The API issued a draft standard titled, “Measurement of Single-Phase, Intermediate, and Finished Hydrocarbon Fluids by Coriolis Meters,” added to the API Library in July 2012. A second draft standard called “Measurement of Crude Oil by Coriolis Meters” has also been approved by the API.
More than any other meter, Coriolis meters have line-size limitations. Due to the nature of the technology, Coriolis meters get large and unwieldy once they reach the 6-inch size. Even 3-inch and 4-inch meters are quite large. Over 67% of Coriolis meter revenues are 2 inches in diameter or less.
Despite the challenges involved, suppliers in the past several years have manufactured Coriolis flowmeters for line sizes of 8 to 16 inches. Rheonik (now owned by GE Measurement) has long had large-line-size Coriolis meters. Now other companies have Coriolis flowmeters for line sizes above 6 inches, including Endress+Hauser, KROHNE and Micro Motion.

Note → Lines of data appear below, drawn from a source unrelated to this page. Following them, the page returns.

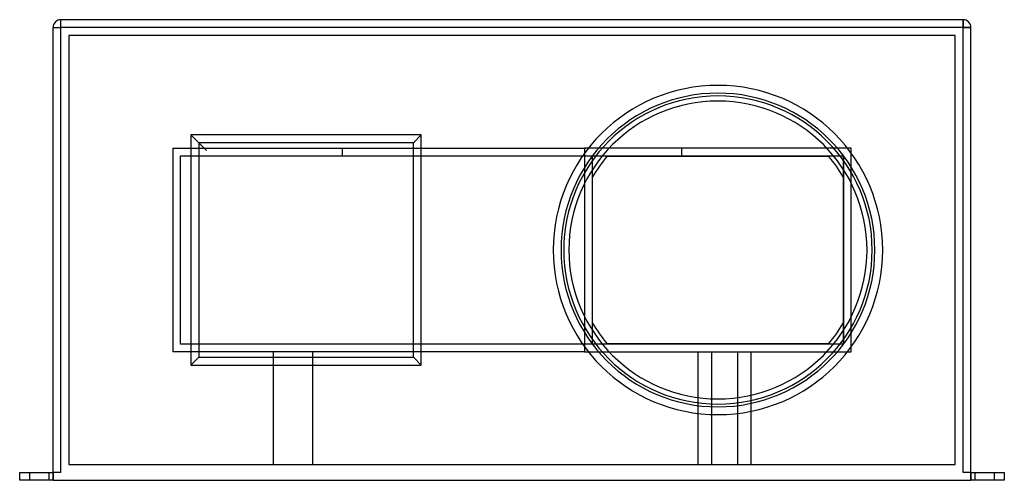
# Model space of a CAD drawing. Header units: millimetres. Extents: x -251 to 251, y -118 to 118.
import ezdxf

# ---------------------------------------------------------------- set-up
doc = ezdxf.new("R2010")
doc.units = ezdxf.units.MM
doc.layers.add('HIDDEN', color=7, linetype='Continuous')
doc.layers.add('THICK', color=7, linetype='Continuous')

msp = doc.modelspace()

# ---------------------------------------------------------------- linework, layer by layer
at = {"layer": 'HIDDEN'}
for p, q in [((-230, 117.5), (-230, 117.5)), ((-230, 113.5), (-230, 117.5)), ((230, 113.5), (230, 117.5)), ((230, 117.5), (230, 117.5)), ((-234, 113.5), (-234, 113.5)), ((-234, 113.5), (-230, 113.5)), ((230, 113.5), (-230, 113.5)), ((-230, -113.5), (-230, 113.5)), ((230, -113.5), (230, 113.5)), ((230, 113.5), (234, 113.5)), ((234, 113.5), (234, 113.5)), ((226, 109.5), (-226, 109.5)), ((-226, 109.5), (-226, -109.5)), ((-226, 109.5), (-226, 109.5)), ((226, -109.5), (226, 109.5)), ((226, 109.5), (226, 109.5)), ((-163.75, 58.75), (-163.75, 58.75)), ((-46.25, 58.75), (-46.25, 58.75)), ((-173, 52), (-173, -52)), ((-173, 52), (37, 52)), ((-86.5, 48), (-86.5, 52)), ((37, 52), (37, -52)), ((37, 52), (37, 52)), ((173, 52), (37, 52)), ((86.5, 52), (86.5, 48)), ((173, 52), (173, 52)), ((173, -52), (173, 52)), ((-169, -48), (-169, 48)), ((-169, 48), (41, 48)), ((41, 48), (169, 48)), ((41, 48), (41, 48)), ((41, -48), (41, 48)), ((48.59, 47.9), (48.59, 47.9)), ((161.41, 47.9), (161.41, 47.9)), ((169, -48), (169, 48)), ((169, 48), (169, 48)), ((169, 48), (169, -48)), ((41.1, 37.32), (41.1, 37.32)), ((168.9, 37.32), (168.9, 37.32)), ((41.1, -37.32), (41.1, -37.32)), ((168.9, -37.32), (168.9, -37.32)), ((41, -48), (-169, -48)), ((41, -48), (41, -48)), ((169, -48), (41, -48)), ((48.59, -47.9), (48.59, -47.9)), ((161.41, -47.9), (161.41, -47.9)), ((169, -48), (169, -48)), ((37, -52), (-173, -52)), ((-121.72, -52), (-121.72, -109.5)), ((-101.72, -52), (-101.72, -109.5)), ((37, -52), (173, -52)), ((37, -52), (37, -52)), ((95, -109.5), (95, -52)), ((101.72, -52), (101.72, -109.5)), ((115, -52), (115, -109.5)), ((121.72, -52), (121.72, -109.5)), ((173, -52), (173, -52)), ((-163.75, -58.75), (-163.75, -58.75)), ((-46.25, -58.75), (-46.25, -58.75)), ((-226, -109.5), (-226, -109.5)), ((-226, -109.5), (226, -109.5)), ((226, -109.5), (226, -109.5)), ((-251, -113.5), (-251, -113.5)), ((-246, -113.5), (-246, -117.5)), ((-246, -113.5), (-246, -117.5)), ((-236, -117.5), (-236, -113.5)), ((-236, -117.5), (-236, -113.5)), ((-234, -117.5), (-234, -113.5)), ((-234, -113.5), (-234, -113.5)), ((234, -113.5), (234, -117.5)), ((234, -113.5), (234, -113.5)), ((236, -113.5), (236, -117.5)), ((236, -113.5), (236, -117.5)), ((246, -117.5), (246, -113.5)), ((246, -117.5), (246, -113.5)), ((251, -113.5), (251, -113.5)), ((-251, -117.5), (-251, -117.5)), ((251, -117.5), (251, -117.5))]:
    msp.add_line(p, q, dxfattribs=at)
for start, end in [(90, 270), (0, 90), (270, 0)]:
    msp.add_arc((105, 0), 78.62, start, end, dxfattribs=at)
at = {"layer": 'THICK'}
for p, q in [((-230, 113.5), (-230, 117.5)), ((230, 117.5), (-230, 117.5)), ((230, 117.5), (230, 113.5)), ((-234, 113.5), (-230, 113.5)), ((-234, -113.5), (-234, 113.5)), ((230, 113.5), (-230, 113.5)), ((-230, -113.5), (-230, 113.5)), ((234, 113.5), (230, 113.5)), ((230, -113.5), (230, 113.5)), ((234, -113.5), (234, 113.5)), ((-163.75, 58.75), (-163.75, -58.75)), ((-163.75, 58.75), (-155.75, 50.75)), ((-46.25, 58.75), (-163.75, 58.75)), ((-46.25, 58.75), (-50.25, 54.75)), ((-46.25, -58.75), (-46.25, 58.75)), ((-159.75, 54.75), (-159.75, -54.75)), ((-50.25, 54.75), (-159.75, 54.75)), ((-50.25, -54.75), (-50.25, 54.75)), ((48.59, 47.9), (161.41, 47.9)), ((41.1, -37.32), (41.1, 37.32)), ((168.9, 37.32), (168.9, -37.32)), ((161.41, -47.9), (48.59, -47.9)), ((-163.75, -58.75), (-159.75, -54.75)), ((-159.75, -54.75), (-50.25, -54.75)), ((-46.25, -58.75), (-50.25, -54.75)), ((-163.75, -58.75), (-46.25, -58.75)), ((-251, -113.5), (-234, -113.5)), ((-251, -117.5), (-251, -113.5)), ((-230, -113.5), (-234, -113.5)), ((-234, -113.5), (-234, -117.5)), ((234, -113.5), (230, -113.5)), ((234, -113.5), (251, -113.5)), ((234, -117.5), (234, -113.5)), ((251, -113.5), (251, -117.5)), ((-234, -117.5), (-251, -117.5)), ((-234, -117.5), (234, -117.5)), ((251, -117.5), (234, -117.5))]:
    msp.add_line(p, q, dxfattribs=at)
for centre, radius, start, end in [((-230, 113.5), 4, 90, 180), ((230, 113.5), 4, 0, 90), ((105, 0), 84, 0, 180), ((105, 0), 80, 90, 180), ((105, 0), 78.62, 90, 180), ((105, 0), 76, 0, 180), ((105, 0), 80, 0, 90), ((105, 0), 78.62, 270, 90), ((105, 0), 74, 139.6618, 149.7134), ((105, 0), 74, 30.2866, 40.3381), ((105, 0), 84, 180, 0), ((105, 0), 78.62, 180, 270), ((105, 0), 76, 180, 0), ((105, 0), 80, 180, 270), ((105, 0), 80, 270, 0), ((105, 0), 74, 210.2866, 220.3382), ((105, 0), 74, 319.6619, 329.7134)]:
    msp.add_arc(centre, radius, start, end, dxfattribs=at)

doc.saveas('drawing.dxf')

Endress+Hauser and Micro Motion mainly have bent-tube meters, while KROHNE’s large size meters are straight tube. While the straight tube meters are long, they are less bulky than the bent tube meters of the corresponding size. Currently Coriolis meters are available for 8, 10, 12, 14 and 16-inch line sizes. Most of these meters are aimed at the custody-transfer market for oil & gas applications.
Custody transfer plays an important role in flow measurement. By its means contracting parties find mutually agreeable conditions for transferring fluids ownership from one to another. The work of AGA and API helped make it possible, and suppliers responded with flowmeters that conform to AGA and API requirements. That led to users having custody-transfer applications. Cooperation among agencies, suppliers and end-users has helped make custody transfer among the fastest growing flowmeter markets.